--- Given entries ---
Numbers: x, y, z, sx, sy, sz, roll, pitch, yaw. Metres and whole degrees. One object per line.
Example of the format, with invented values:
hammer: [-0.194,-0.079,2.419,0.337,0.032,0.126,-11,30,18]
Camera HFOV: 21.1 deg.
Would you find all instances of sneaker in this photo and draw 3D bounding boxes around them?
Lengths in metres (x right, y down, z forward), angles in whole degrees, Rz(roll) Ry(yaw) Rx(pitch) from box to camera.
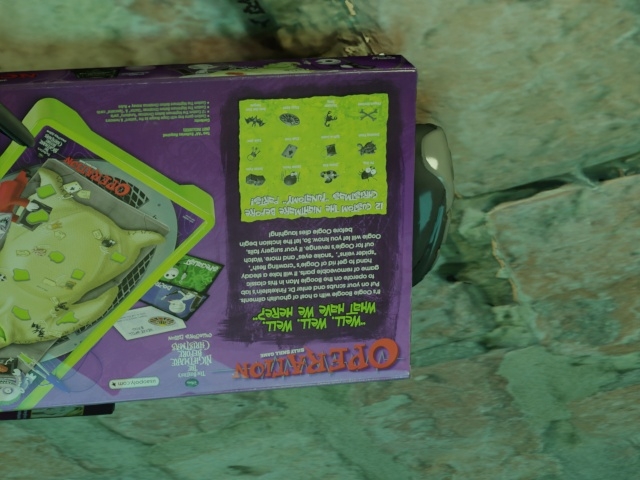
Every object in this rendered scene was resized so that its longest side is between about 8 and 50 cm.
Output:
sneaker: [0.000,0.000,1.182,0.106,0.101,0.267,7,152,-26]

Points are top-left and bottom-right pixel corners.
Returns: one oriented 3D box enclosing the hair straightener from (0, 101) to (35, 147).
hair straightener: [-0.216,-0.119,0.890,0.089,0.047,0.230,-49,134,-13]

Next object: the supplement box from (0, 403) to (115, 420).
supplement box: [-0.248,0.085,1.314,0.188,0.080,0.104,-2,155,-13]

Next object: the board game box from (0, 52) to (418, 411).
board game box: [-0.115,-0.003,1.041,0.347,0.208,0.056,-3,-164,-11]
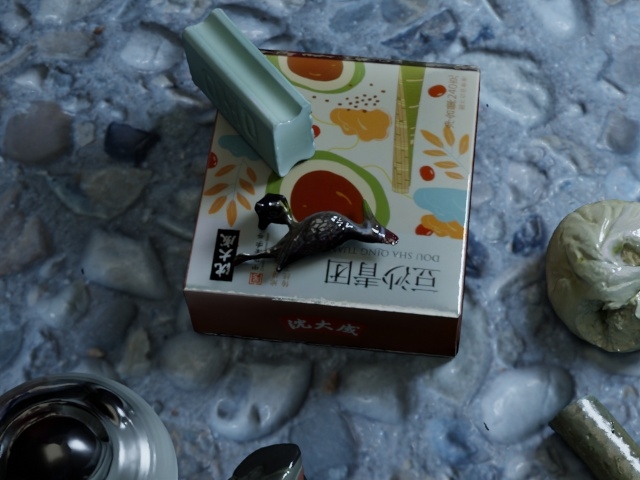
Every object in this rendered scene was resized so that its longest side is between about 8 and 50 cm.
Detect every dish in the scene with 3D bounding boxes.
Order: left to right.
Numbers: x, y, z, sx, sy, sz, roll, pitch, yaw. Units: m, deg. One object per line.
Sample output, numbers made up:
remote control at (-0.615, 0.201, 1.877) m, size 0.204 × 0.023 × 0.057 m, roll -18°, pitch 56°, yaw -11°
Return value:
dish at (-0.312, 0.262, 1.688) m, size 0.273 × 0.134 × 0.273 m, roll -1°, pitch 58°, yaw 1°

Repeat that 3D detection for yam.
yam at (0.353, 0.262, 1.703) m, size 0.068 × 0.068 × 0.169 m, roll -33°, pitch 65°, yaw -16°

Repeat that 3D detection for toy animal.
toy animal at (-0.005, -0.009, 1.743) m, size 0.202 × 0.070 × 0.105 m, roll 2°, pitch 73°, yaw 1°

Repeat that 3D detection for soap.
soap at (-0.090, -0.188, 1.808) m, size 0.066 × 0.119 × 0.198 m, roll -34°, pitch 64°, yaw -16°

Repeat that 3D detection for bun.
bun at (0.375, 0.039, 1.799) m, size 0.178 × 0.128 × 0.193 m, roll 9°, pitch 63°, yaw 6°

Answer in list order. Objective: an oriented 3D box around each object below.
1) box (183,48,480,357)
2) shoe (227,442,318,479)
box at (0.025, -0.058, 1.867) m, size 0.344 × 0.122 × 0.385 m, roll 5°, pitch 60°, yaw 5°
shoe at (-0.073, 0.374, 1.615) m, size 0.114 × 0.137 × 0.291 m, roll -10°, pitch 39°, yaw 39°
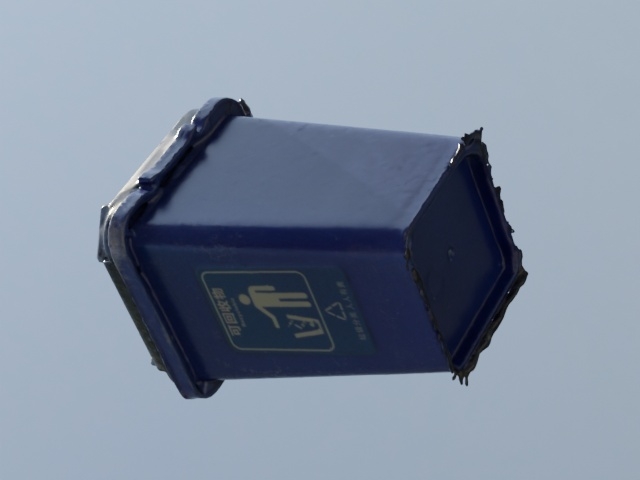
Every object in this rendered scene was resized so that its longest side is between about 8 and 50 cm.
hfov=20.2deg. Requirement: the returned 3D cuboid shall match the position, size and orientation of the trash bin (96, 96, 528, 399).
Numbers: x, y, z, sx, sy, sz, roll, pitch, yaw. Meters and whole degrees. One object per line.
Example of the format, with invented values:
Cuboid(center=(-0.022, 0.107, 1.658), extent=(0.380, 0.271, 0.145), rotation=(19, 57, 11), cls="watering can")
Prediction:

--- Your objective ---
Before you print the records, please set aside any pictures and keep everything else exact.

--- Answer section ---
Numbers: x, y, z, sx, sy, sz, roll, pitch, yaw. Metres and whole degrees. One object per line.
Example of the format, with invented values:
hammer: [-0.194,-0.079,2.419,0.337,0.032,0.126,-11,30,18]
Camera HFOV: 21.1 deg.
Would you find all instances of sneaker in this photo and draw 3D bounding boxes around them?
Lengths in metres (x right, y down, z forward), angles in whole degrees, Rz(roll) Ry(yaw) Rx(pitch) from box to camera.
Every object in this rendered scene was resized so that its longest side is between about 8 and 50 cm.
Output:
sneaker: [0.000,0.000,1.182,0.106,0.101,0.267,7,152,-26]

Points are top-left and bottom-right pixel corners.
Returns: one oriented 3D box enclosing the hair straightener from (0, 101) to (35, 147).
hair straightener: [-0.216,-0.119,0.890,0.089,0.047,0.230,-49,134,-13]

Next object: the supplement box from (0, 403) to (115, 420).
supplement box: [-0.248,0.085,1.314,0.188,0.080,0.104,-2,155,-13]

Next object: the board game box from (0, 52) to (418, 411).
board game box: [-0.115,-0.003,1.041,0.347,0.208,0.056,-3,-164,-11]
Every object in this rendered scene was resized so that its longest side is between about 8 and 50 cm.
Detect every dish in the scene with 3D bounding boxes.
Order: left to right.
Numbers: x, y, z, sx, sy, sz, roll, pitch, yaw. Units: m, deg. One object per line.
Sample output, numbers made up:
remote control at (-0.615, 0.201, 1.877) m, size 0.204 × 0.023 × 0.057 m, roll -18°, pitch 56°, yaw -11°
Return value:
dish at (-0.312, 0.262, 1.688) m, size 0.273 × 0.134 × 0.273 m, roll -1°, pitch 58°, yaw 1°

Repeat that 3D detection for yam.
yam at (0.353, 0.262, 1.703) m, size 0.068 × 0.068 × 0.169 m, roll -33°, pitch 65°, yaw -16°

Repeat that 3D detection for toy animal.
toy animal at (-0.005, -0.009, 1.743) m, size 0.202 × 0.070 × 0.105 m, roll 2°, pitch 73°, yaw 1°

Repeat that 3D detection for soap.
soap at (-0.090, -0.188, 1.808) m, size 0.066 × 0.119 × 0.198 m, roll -34°, pitch 64°, yaw -16°

Repeat that 3D detection for bun.
bun at (0.375, 0.039, 1.799) m, size 0.178 × 0.128 × 0.193 m, roll 9°, pitch 63°, yaw 6°

Answer in list order. Objective: an oriented 3D box around each object below.
1) box (183,48,480,357)
2) shoe (227,442,318,479)
box at (0.025, -0.058, 1.867) m, size 0.344 × 0.122 × 0.385 m, roll 5°, pitch 60°, yaw 5°
shoe at (-0.073, 0.374, 1.615) m, size 0.114 × 0.137 × 0.291 m, roll -10°, pitch 39°, yaw 39°
Every object in this rendered scene was resized so that its longest side is between about 8 and 50 cm.
hfov=20.2deg. Requirement: the returned 3D cuboid shall match the position, size and orientation of the trash bin (96, 96, 528, 399).
Numbers: x, y, z, sx, sy, sz, roll, pitch, yaw. Meters and whole degrees. One object per line.
Example of the format, with invented values:
Cuboid(center=(-0.022, 0.107, 1.658), extent=(0.380, 0.271, 0.145), rotation=(19, 57, 11), cls="watering can")
Prediction:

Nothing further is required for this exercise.